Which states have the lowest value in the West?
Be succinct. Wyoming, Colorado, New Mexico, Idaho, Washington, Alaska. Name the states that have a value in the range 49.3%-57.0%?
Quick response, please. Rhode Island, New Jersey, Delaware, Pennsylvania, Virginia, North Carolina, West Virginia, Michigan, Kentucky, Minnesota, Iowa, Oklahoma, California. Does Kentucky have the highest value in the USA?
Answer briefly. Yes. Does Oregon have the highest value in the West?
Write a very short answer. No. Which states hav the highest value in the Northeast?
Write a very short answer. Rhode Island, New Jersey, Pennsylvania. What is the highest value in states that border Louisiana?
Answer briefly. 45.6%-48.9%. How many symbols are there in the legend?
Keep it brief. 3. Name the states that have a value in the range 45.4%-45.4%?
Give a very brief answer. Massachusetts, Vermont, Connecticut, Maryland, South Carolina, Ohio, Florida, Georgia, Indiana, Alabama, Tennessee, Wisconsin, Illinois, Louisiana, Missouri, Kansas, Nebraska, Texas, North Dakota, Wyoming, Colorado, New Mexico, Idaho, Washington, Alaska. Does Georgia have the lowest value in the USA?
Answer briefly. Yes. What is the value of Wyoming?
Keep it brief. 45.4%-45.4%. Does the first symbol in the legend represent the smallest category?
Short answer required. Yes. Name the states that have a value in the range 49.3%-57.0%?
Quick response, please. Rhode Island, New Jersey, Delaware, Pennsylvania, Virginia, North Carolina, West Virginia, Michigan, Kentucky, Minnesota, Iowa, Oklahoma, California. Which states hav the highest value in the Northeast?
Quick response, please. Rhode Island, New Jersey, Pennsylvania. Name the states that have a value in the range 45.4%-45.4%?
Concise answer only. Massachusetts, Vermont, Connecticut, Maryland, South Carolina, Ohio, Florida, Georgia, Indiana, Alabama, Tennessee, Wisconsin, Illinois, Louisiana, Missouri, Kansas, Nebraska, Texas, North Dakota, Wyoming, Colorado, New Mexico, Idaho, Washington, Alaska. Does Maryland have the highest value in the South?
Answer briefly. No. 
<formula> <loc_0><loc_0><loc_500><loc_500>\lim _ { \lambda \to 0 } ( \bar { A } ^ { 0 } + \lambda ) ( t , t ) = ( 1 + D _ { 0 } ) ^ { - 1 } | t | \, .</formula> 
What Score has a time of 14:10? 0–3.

__________________________________________________

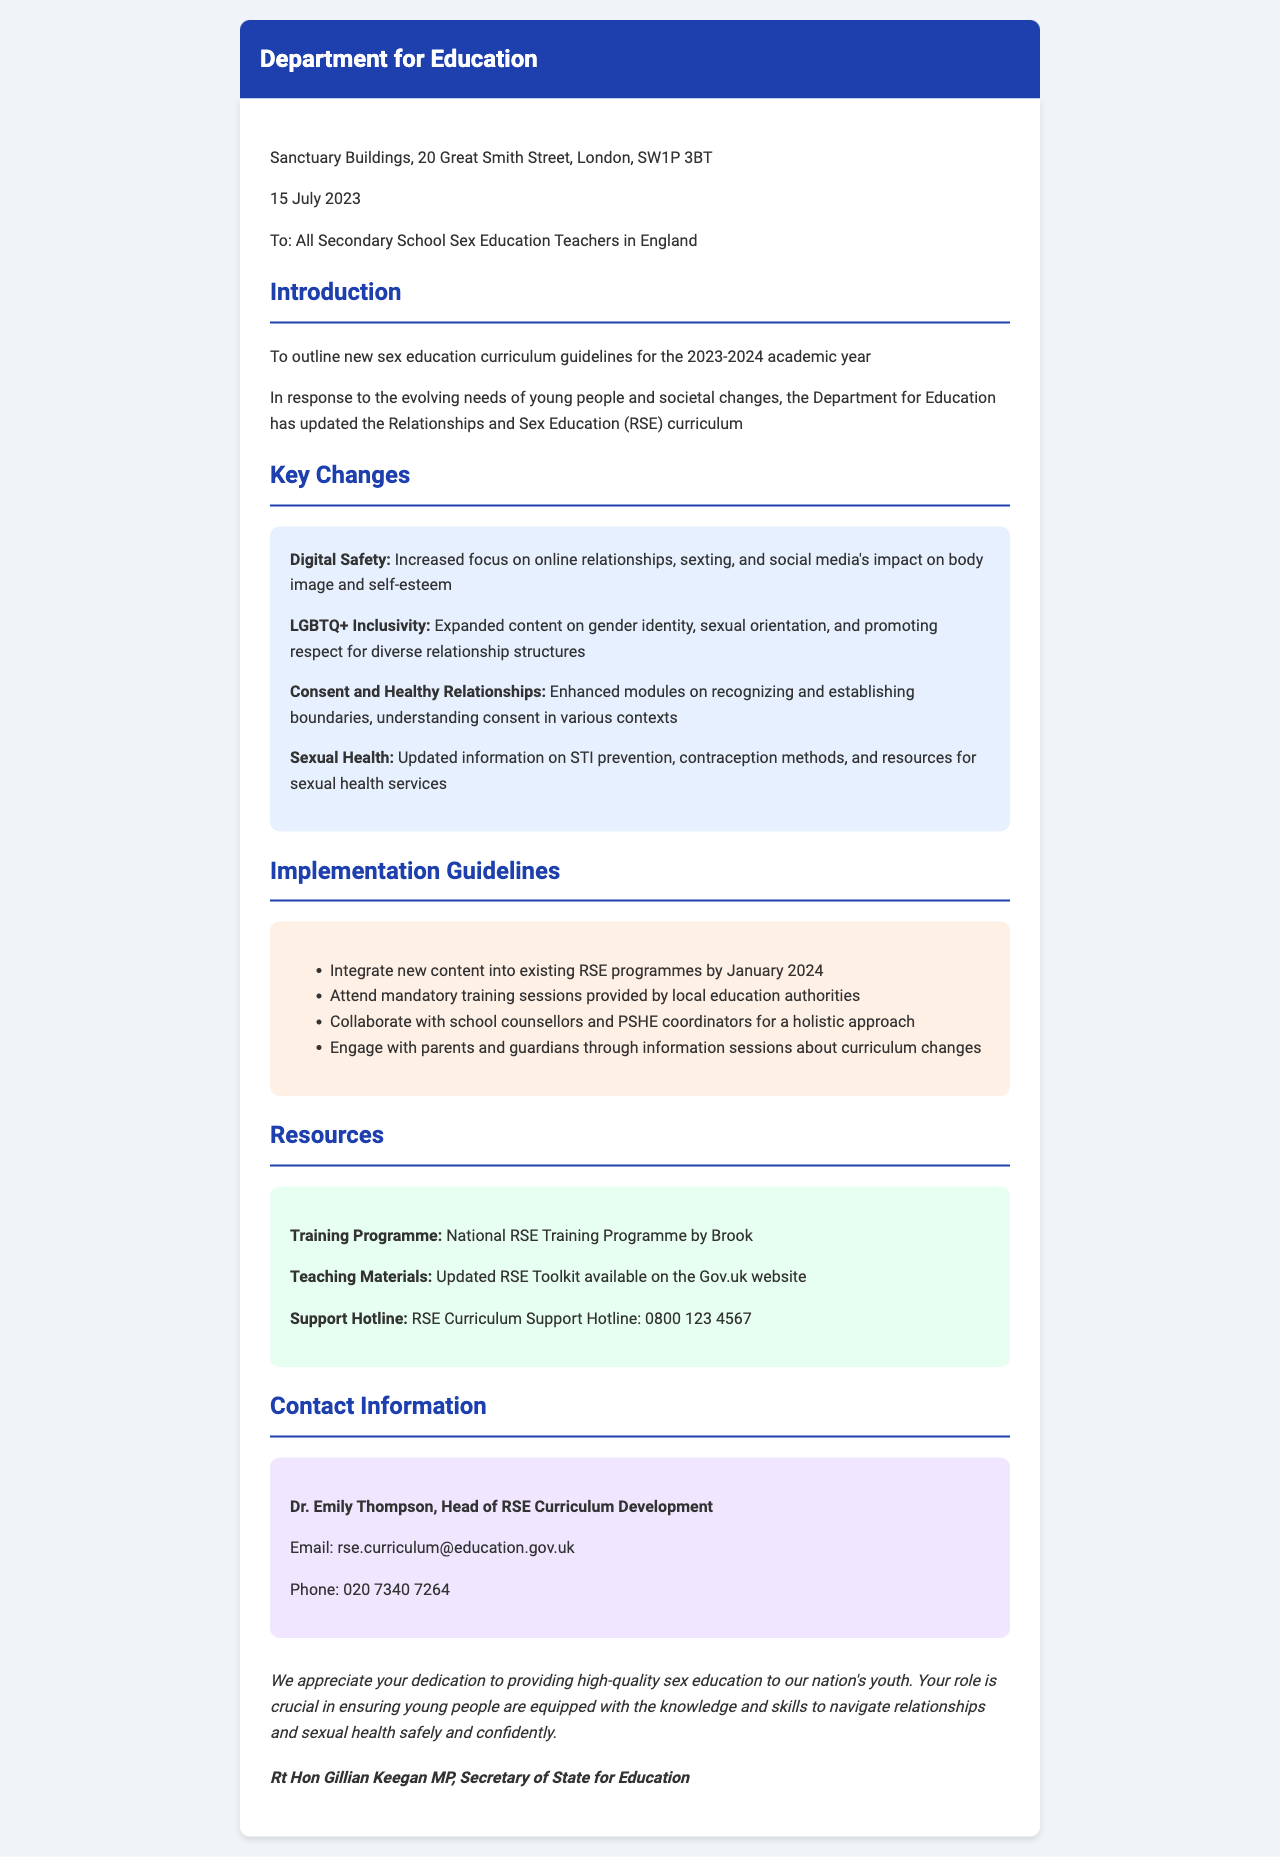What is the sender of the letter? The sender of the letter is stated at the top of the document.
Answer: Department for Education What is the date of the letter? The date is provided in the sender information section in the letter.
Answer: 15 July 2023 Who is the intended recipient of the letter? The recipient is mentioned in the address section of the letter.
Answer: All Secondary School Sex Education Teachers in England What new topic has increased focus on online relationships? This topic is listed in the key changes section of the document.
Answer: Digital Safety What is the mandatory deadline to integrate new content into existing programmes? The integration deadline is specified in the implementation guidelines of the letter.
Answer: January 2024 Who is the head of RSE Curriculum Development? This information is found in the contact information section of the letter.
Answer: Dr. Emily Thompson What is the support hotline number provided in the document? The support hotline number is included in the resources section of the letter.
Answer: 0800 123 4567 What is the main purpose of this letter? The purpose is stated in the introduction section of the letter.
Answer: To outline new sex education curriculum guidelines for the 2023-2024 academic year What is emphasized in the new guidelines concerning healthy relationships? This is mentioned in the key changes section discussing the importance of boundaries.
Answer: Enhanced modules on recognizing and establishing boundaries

__________________________________________________

## PROBLEM STATEMENT
Taking the entries above, write out exactly each line from the one holding "Quick response, please. Rhode Island, New Jersey, Pennsylvania." to the one holding "What Score has a time of 14:10? 0–3.", both included, and stop there.

## EXERCISE SOLUTION
Quick response, please. Rhode Island, New Jersey, Pennsylvania. Name the states that have a value in the range 45.4%-45.4%?
Concise answer only. Massachusetts, Vermont, Connecticut, Maryland, South Carolina, Ohio, Florida, Georgia, Indiana, Alabama, Tennessee, Wisconsin, Illinois, Louisiana, Missouri, Kansas, Nebraska, Texas, North Dakota, Wyoming, Colorado, New Mexico, Idaho, Washington, Alaska. Does Maryland have the highest value in the South?
Answer briefly. No. 
<formula> <loc_0><loc_0><loc_500><loc_500>\lim _ { \lambda \to 0 } ( \bar { A } ^ { 0 } + \lambda ) ( t , t ) = ( 1 + D _ { 0 } ) ^ { - 1 } | t | \, .</formula> 
What Score has a time of 14:10? 0–3.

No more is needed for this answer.